The LME already has the powers to force the reduction of a big position, if it deems it necessary. Indeed, the exchange can do almost anything it sees fit if it means maintaining an orderly market.
The “Special Committee”, a typically understated title for what is an all-powerful body, “may take such steps as in their absolute discretion they deem necessary to contain or rectify” any “undesirable situation or undesirable or improper trading practice which in their opinion has affected or is likely to affect the market.” Quite evidently, if the LME hasn’t taken such action against JPMorgan, it is because it accepts the company’s rationale for its trading behaviour.
All of which begs the question as to what more can be achieved with the new “accountability levels”. Simply put, these place an obligation on position holders of a certain size to explain what they are up to, formalising the current practice of one-to-one conversations that may take place around a dominant position.
By shifting the onus of information gathering to the customer of the exchange, the LME is aiming for “a more transparent reporting regime” for large positions.
The proposed reporting thresholds say much about the size of positions associated with any specific LME contract.

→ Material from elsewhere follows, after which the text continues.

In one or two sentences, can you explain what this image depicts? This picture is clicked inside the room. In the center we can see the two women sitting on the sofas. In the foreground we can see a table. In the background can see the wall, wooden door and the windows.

So no surprise to see aluminium has the highest threshold of 15,000 lots or 375,000 tonnes.
More surprising is that zinc has the second highest threshold of 8,000 lots, or 200,000 tonnes, while copper, a more active contract, has a threshold of just 5,000 lots, or 100,000 tonnes.
But that tells you something about who is likely to be holding the biggest positions in any one market. Aluminium and zinc are dominated by stocks financiers. Copper is not for the simple reason that there is not a lot of copper to finance, or at least not outside of China.
The thresholds will apply both to any single prompt date and to the full LME curve. They are likely to have been back-tested to generate the most useful amount of information from a compliance perspective, but the LME “reserves the right to amend these levels”.
* Andy Home is a columnist for Reuters. The opinions expressed here are those of the author.